[Collection entries]
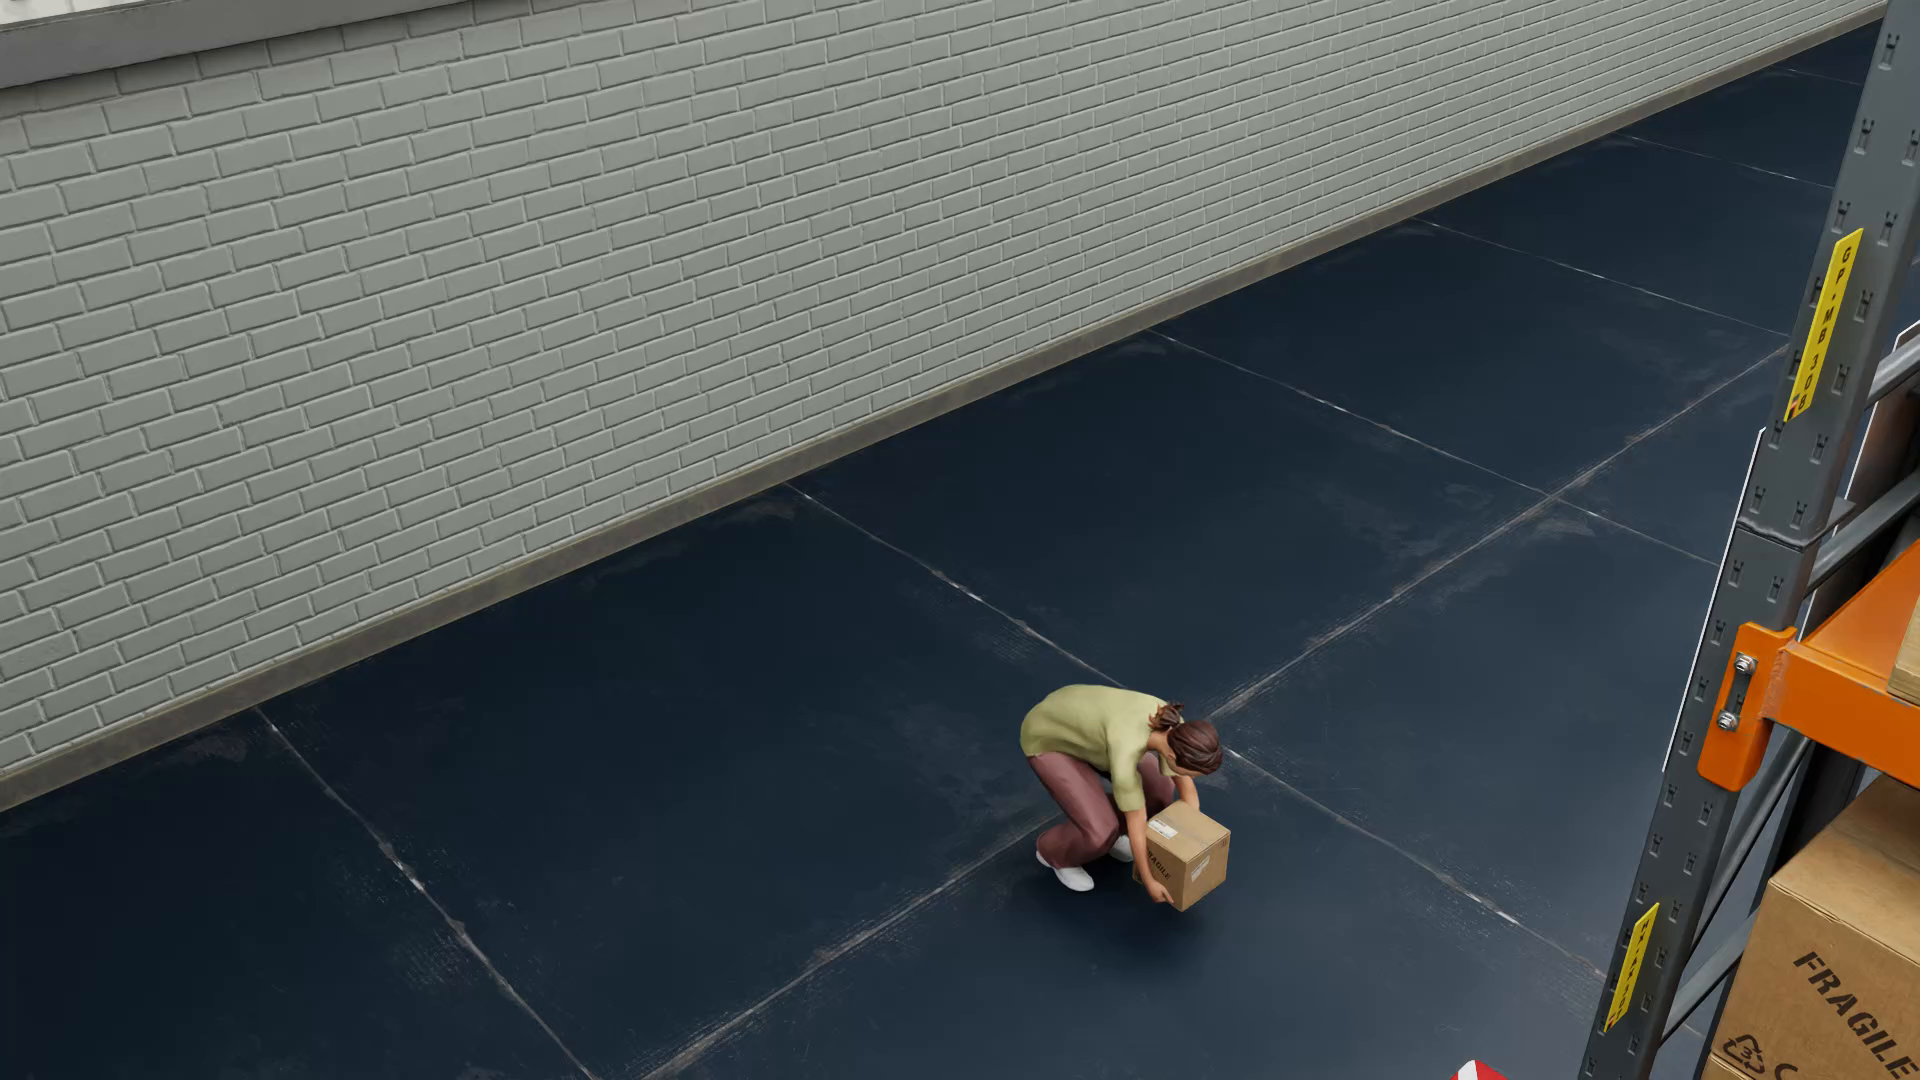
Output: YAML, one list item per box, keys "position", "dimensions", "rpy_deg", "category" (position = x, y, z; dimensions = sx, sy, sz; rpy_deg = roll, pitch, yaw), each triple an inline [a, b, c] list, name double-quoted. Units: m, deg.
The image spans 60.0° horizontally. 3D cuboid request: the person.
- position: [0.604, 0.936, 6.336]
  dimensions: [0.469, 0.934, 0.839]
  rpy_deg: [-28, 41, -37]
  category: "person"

...

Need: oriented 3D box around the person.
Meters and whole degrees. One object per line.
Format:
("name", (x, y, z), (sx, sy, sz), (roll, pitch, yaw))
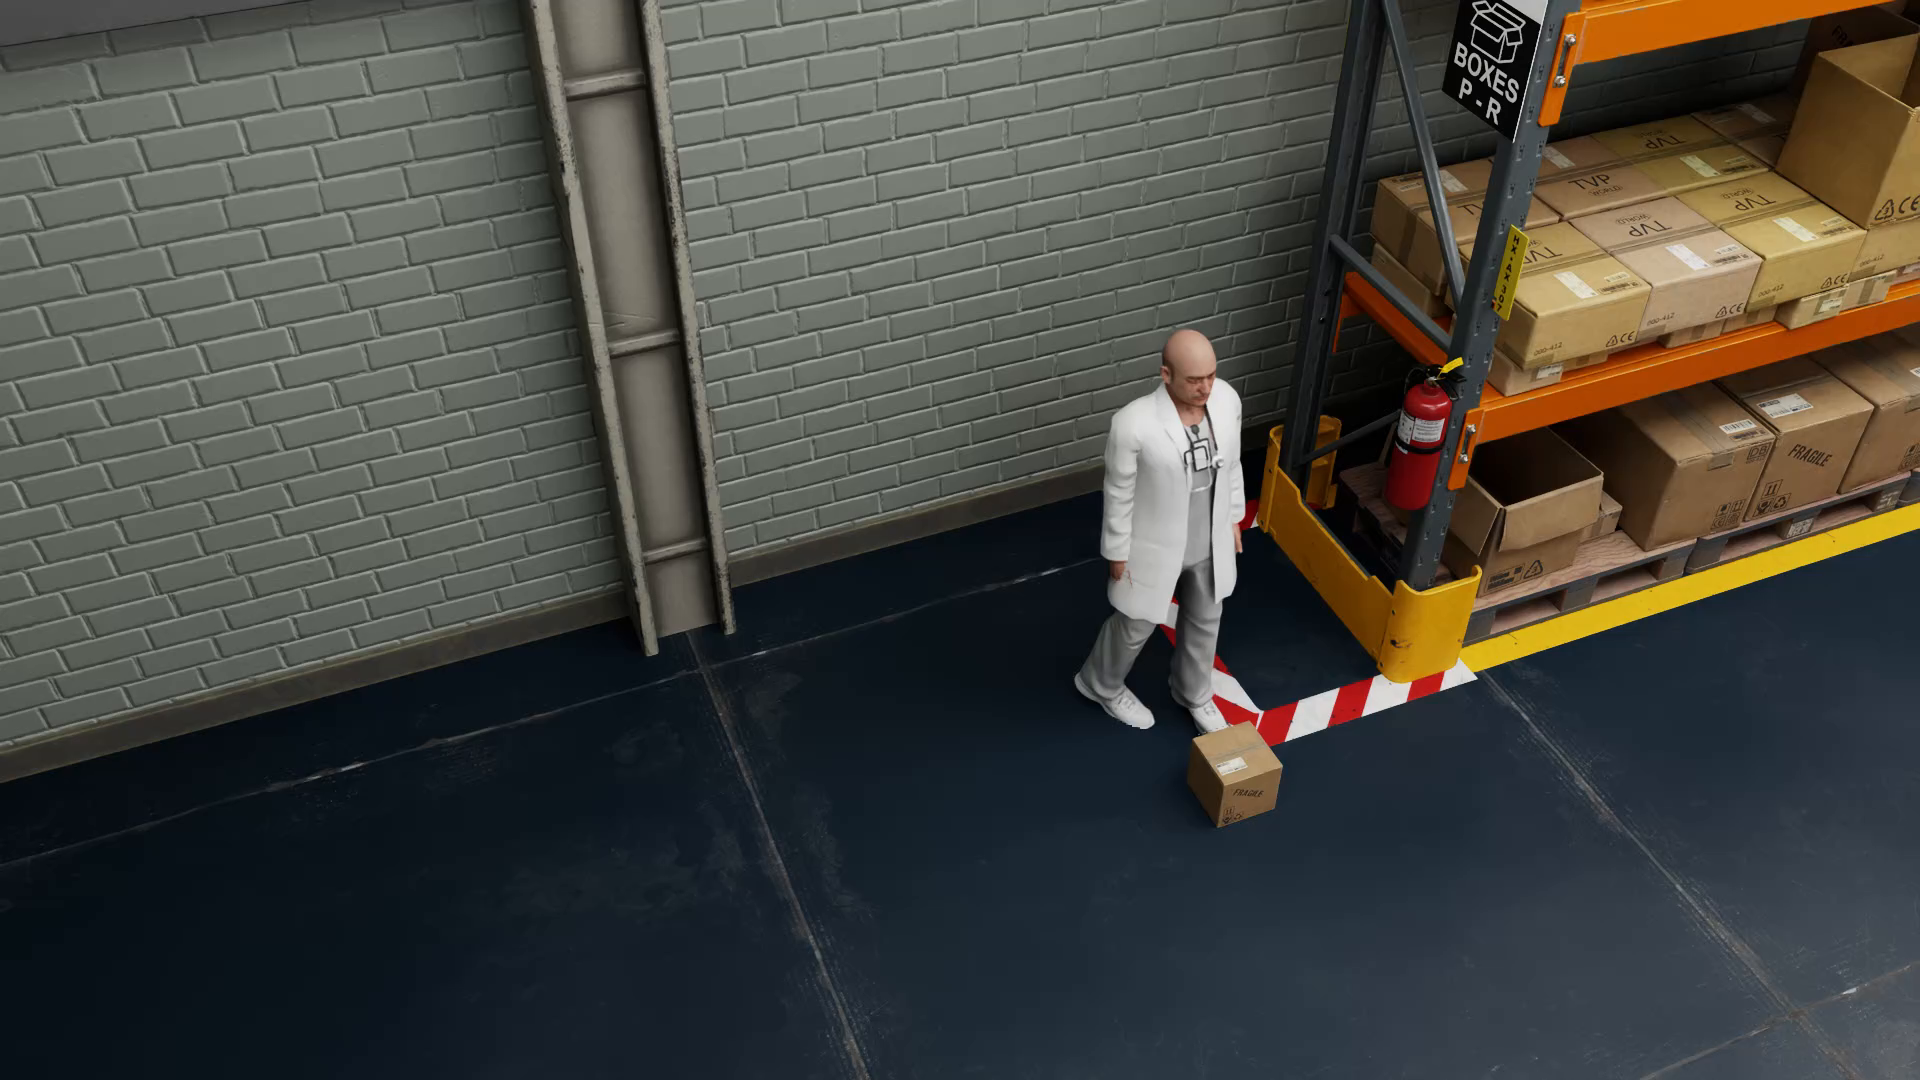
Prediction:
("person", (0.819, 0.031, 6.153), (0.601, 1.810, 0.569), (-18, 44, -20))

▶ **What needs to be done**: A bare number is expected: how many lines above contain the word "roll"?

▶ **Reply**: 2